══ DATA PROVIDED
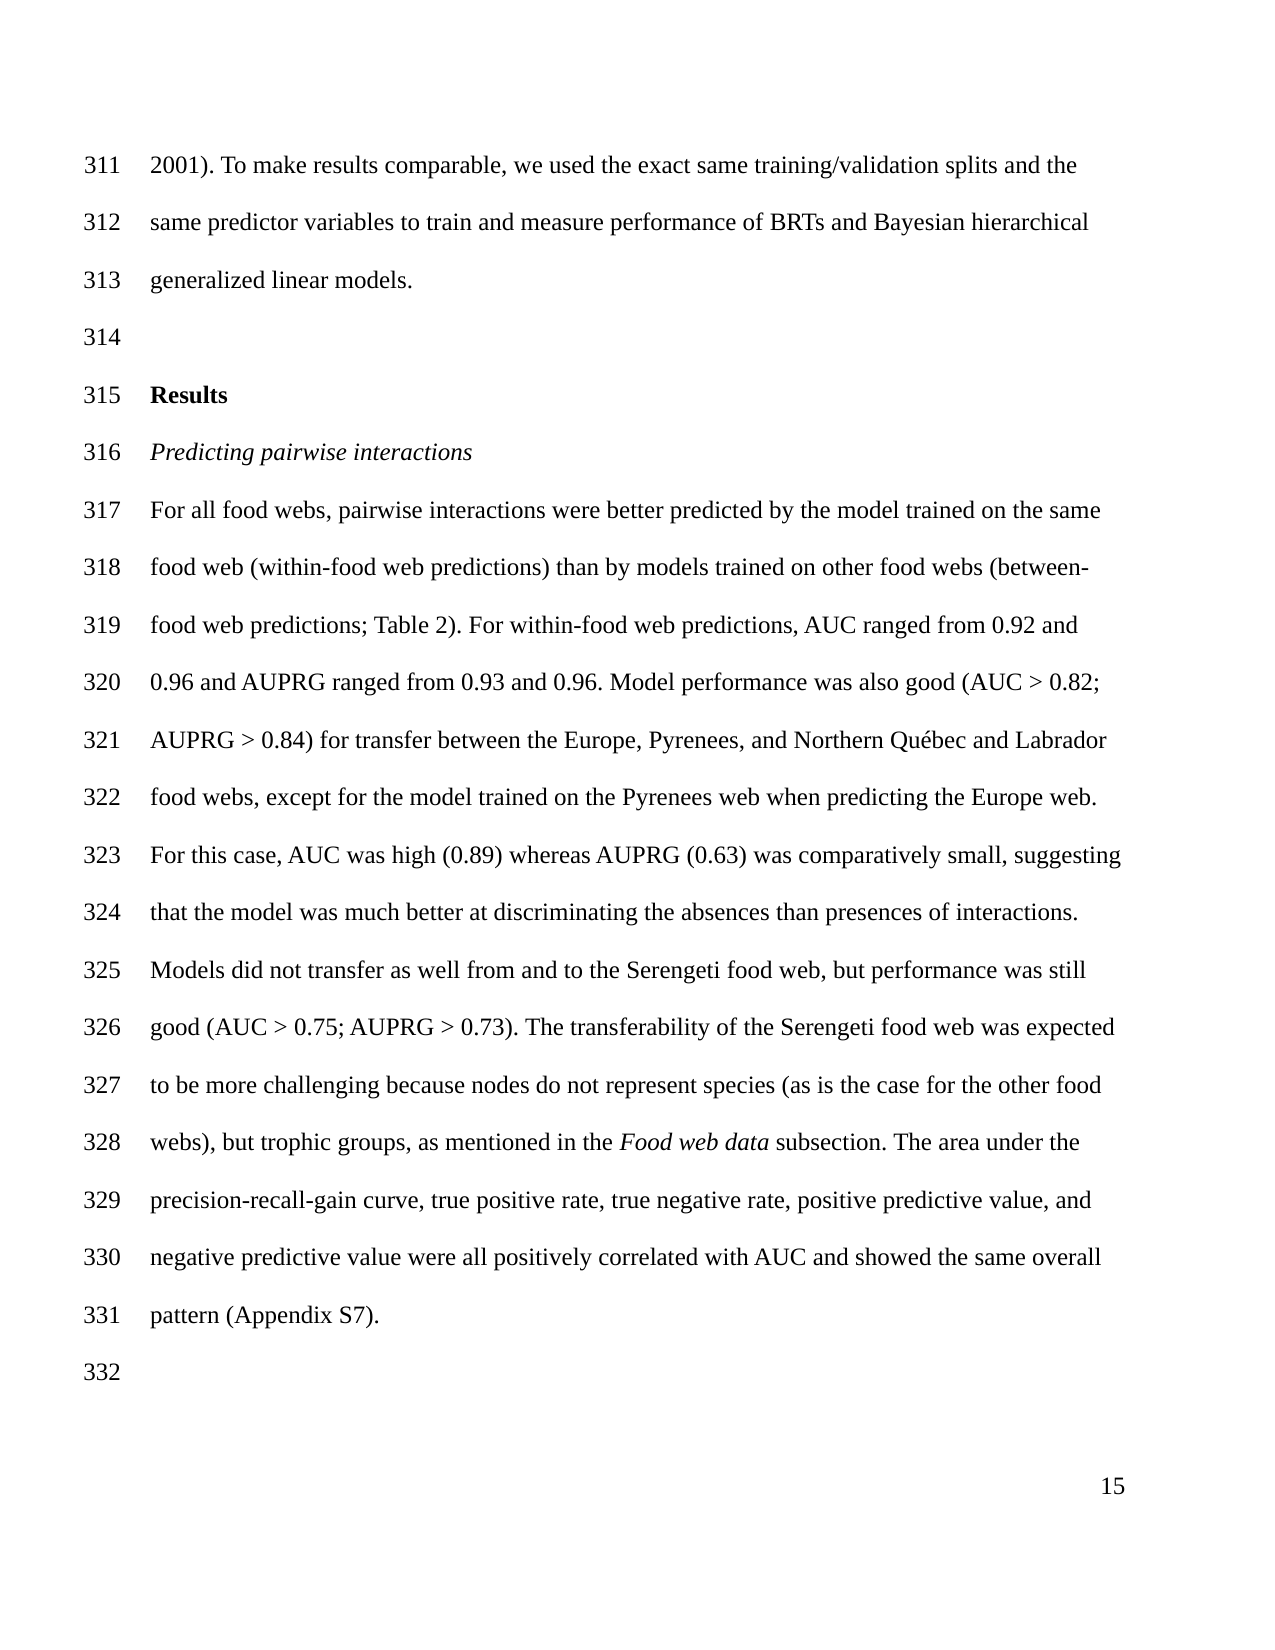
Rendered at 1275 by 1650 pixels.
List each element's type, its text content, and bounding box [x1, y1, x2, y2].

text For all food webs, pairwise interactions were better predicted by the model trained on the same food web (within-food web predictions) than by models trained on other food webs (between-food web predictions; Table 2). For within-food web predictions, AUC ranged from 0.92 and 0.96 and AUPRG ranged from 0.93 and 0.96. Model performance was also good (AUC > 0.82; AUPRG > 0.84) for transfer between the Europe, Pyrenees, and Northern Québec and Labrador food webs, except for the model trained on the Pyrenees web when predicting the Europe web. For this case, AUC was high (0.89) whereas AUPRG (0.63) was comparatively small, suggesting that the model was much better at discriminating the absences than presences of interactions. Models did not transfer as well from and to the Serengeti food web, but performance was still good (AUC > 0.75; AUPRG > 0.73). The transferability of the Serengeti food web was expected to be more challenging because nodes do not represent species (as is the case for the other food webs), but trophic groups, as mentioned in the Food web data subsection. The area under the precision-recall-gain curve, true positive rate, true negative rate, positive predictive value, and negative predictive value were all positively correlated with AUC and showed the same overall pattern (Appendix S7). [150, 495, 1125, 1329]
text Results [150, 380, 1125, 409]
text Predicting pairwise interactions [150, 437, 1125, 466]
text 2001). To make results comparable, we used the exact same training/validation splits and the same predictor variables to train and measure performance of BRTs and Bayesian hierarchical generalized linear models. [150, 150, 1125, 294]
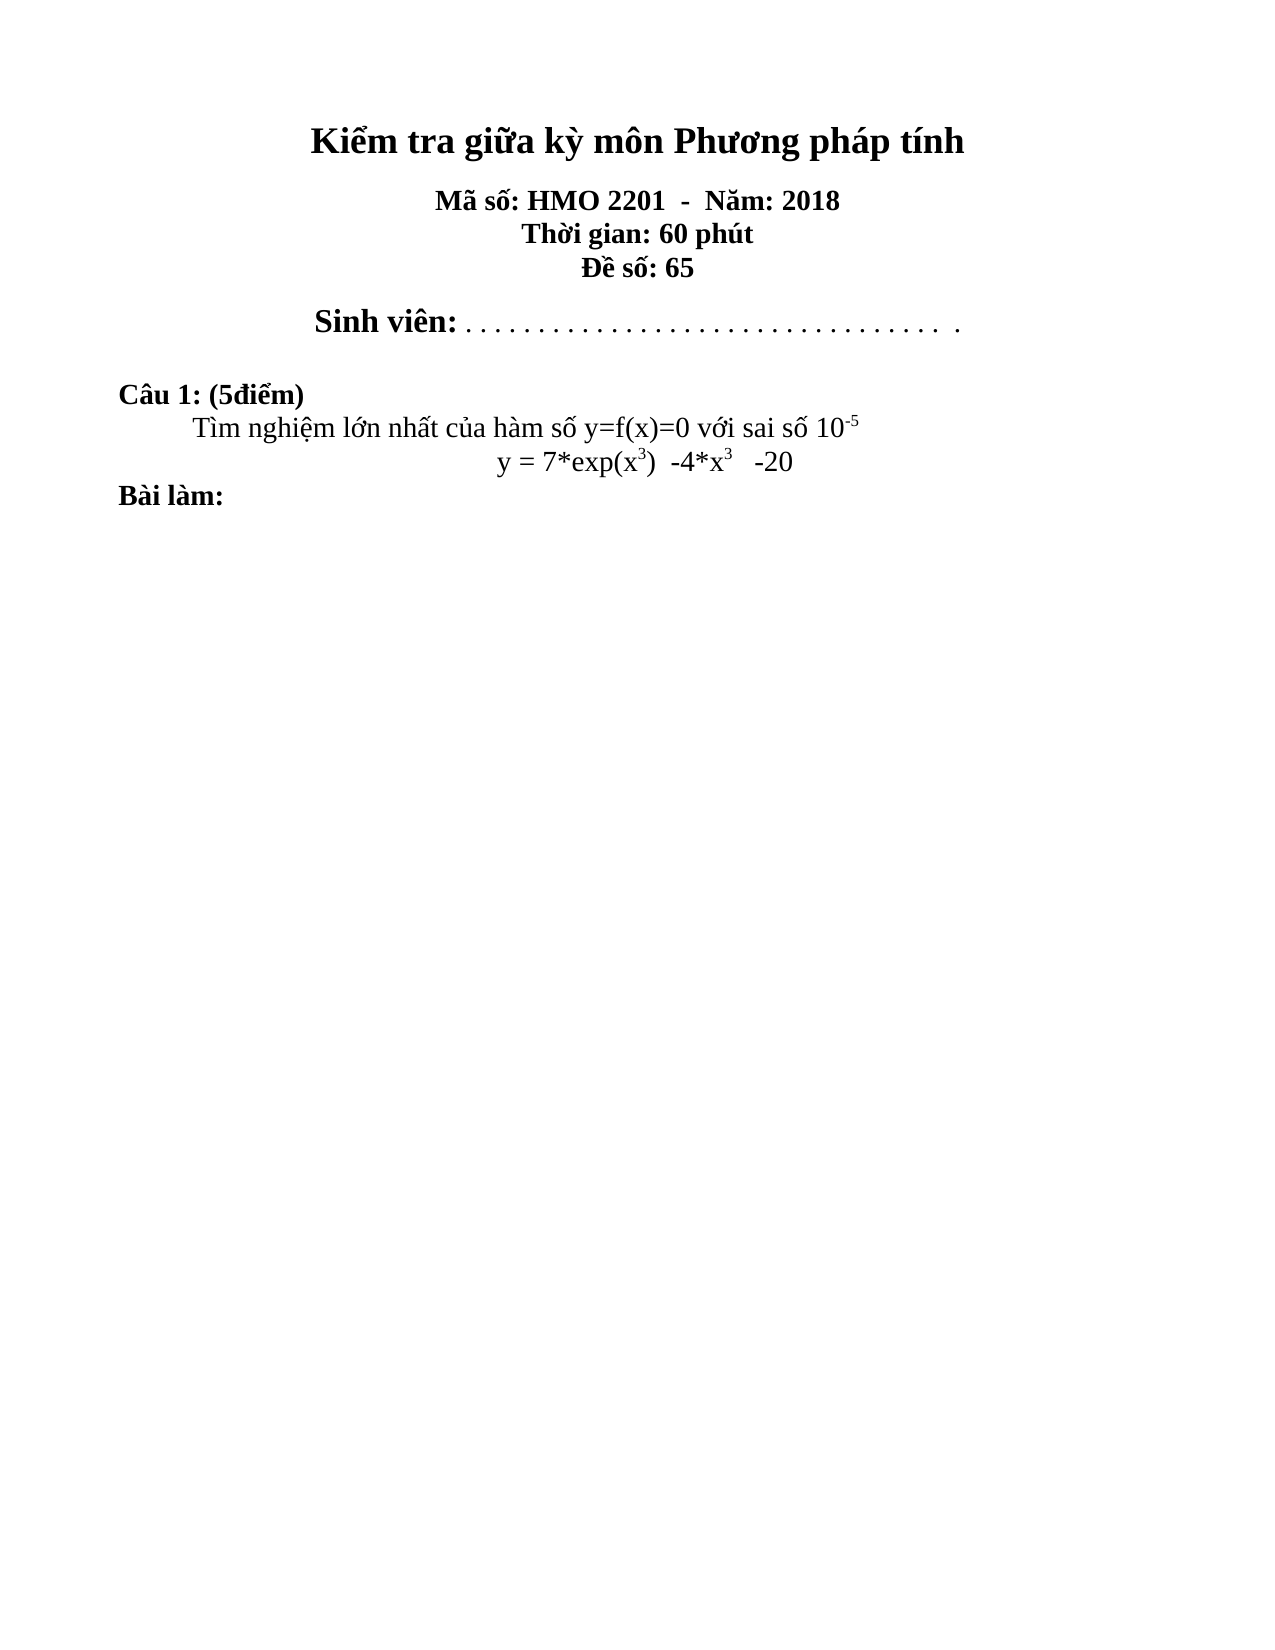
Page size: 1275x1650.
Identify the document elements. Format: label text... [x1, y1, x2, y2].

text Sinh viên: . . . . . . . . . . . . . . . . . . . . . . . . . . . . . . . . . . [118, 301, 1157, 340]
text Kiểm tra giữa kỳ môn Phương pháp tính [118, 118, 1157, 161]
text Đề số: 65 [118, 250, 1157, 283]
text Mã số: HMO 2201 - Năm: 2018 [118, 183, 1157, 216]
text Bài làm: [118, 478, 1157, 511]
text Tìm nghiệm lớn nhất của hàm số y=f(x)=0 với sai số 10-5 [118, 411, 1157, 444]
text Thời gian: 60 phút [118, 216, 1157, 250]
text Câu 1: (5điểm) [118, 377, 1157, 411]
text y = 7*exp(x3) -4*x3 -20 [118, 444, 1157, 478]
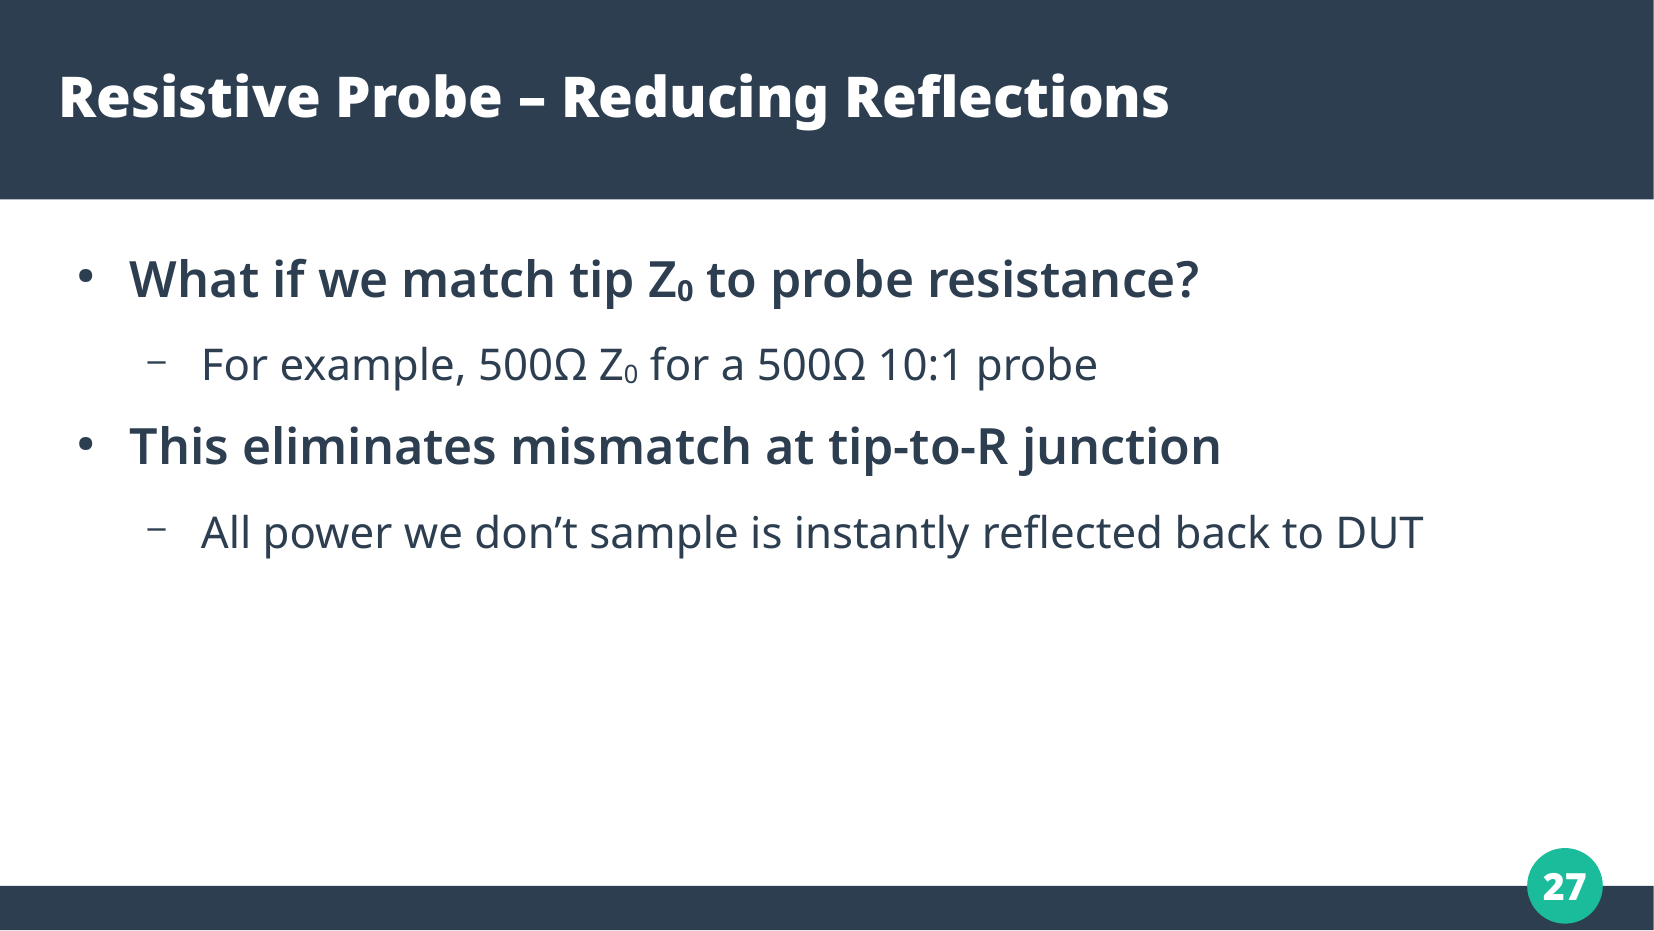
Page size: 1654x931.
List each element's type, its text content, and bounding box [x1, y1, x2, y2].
════
■ ASSIGNMENT
Search the entries above for the string "Page", and report each line where it occurs.

■ RESPONSE TO THE EXERCISE
Page size: 1275x1650.
Page size: 1654x931.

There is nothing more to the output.